### Task
Please print the listing that follows word for word, but skip any pictures it holds.
══ Data for processing
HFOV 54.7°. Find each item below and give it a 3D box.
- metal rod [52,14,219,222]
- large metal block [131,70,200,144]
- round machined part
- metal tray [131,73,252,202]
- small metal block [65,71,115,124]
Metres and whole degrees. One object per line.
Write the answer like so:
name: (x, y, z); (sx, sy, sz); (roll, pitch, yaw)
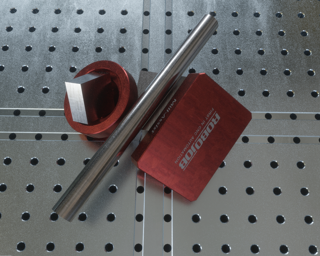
════
### Exercise result
HFOV 54.7°. Find each item below and give it a 3D box.
- metal rod [52,14,219,222]
- large metal block [131,70,200,144]
- round machined part
- metal tray [131,73,252,202]
- small metal block [65,71,115,124]
Metres and whole degrees. One object per line.
Write the answer like so:
name: (x, y, z); (sx, sy, sz); (roll, pitch, yaw)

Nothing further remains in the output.